Data entries:
=-=-=-=-=

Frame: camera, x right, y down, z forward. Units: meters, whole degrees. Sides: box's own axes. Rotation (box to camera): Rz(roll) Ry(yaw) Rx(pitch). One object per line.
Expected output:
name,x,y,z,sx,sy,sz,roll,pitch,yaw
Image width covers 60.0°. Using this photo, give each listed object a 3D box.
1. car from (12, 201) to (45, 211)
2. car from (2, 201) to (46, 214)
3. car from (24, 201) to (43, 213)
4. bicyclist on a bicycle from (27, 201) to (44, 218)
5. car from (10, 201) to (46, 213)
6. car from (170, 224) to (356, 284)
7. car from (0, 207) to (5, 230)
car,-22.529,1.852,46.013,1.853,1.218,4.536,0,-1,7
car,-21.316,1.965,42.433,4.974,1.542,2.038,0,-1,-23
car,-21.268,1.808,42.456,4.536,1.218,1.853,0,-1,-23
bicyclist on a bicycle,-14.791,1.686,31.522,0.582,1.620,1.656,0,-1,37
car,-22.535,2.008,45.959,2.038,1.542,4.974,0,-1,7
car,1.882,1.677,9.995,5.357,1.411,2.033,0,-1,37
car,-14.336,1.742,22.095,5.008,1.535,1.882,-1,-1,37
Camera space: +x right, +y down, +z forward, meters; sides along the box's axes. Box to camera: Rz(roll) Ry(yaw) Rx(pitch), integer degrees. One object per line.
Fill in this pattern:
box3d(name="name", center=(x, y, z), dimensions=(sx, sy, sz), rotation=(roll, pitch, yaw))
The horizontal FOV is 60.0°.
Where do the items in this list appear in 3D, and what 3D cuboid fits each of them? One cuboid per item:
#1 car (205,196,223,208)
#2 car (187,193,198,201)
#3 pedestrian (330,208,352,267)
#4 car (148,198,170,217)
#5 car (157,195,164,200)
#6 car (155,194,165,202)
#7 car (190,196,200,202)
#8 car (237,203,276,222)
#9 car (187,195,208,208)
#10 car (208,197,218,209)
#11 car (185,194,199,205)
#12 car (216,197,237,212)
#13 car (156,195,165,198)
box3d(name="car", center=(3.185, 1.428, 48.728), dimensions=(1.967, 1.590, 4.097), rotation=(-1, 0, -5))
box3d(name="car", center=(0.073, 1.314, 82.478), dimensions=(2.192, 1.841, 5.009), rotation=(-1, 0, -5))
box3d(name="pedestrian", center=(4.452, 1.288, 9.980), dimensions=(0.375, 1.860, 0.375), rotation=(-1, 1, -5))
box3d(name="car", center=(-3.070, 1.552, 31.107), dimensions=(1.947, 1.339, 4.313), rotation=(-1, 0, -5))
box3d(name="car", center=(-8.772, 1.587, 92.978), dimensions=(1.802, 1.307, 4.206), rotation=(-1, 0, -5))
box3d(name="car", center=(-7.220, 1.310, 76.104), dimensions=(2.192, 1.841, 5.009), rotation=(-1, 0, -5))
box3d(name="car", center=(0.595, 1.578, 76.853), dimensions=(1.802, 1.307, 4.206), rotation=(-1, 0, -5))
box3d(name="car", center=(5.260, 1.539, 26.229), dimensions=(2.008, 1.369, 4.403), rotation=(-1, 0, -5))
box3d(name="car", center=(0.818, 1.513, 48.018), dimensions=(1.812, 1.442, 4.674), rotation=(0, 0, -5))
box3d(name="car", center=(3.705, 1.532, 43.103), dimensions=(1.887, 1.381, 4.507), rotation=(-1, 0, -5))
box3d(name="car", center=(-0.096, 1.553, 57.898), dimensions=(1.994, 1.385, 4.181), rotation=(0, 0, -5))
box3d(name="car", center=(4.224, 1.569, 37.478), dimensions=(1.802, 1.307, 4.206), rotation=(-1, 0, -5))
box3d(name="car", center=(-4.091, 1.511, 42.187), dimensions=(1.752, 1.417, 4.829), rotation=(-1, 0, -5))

=-=-=-=-=

● Activity:
Every line holding the word "this" should be copied out of the records above.

● Exercise answer:
Image width covers 60.0°. Using this photo, give each listed object a 3D box.
Fill in this pattern:
Where do the items in this list appear in 3D, and what 3D cuboid fits each of them? One cuboid per item:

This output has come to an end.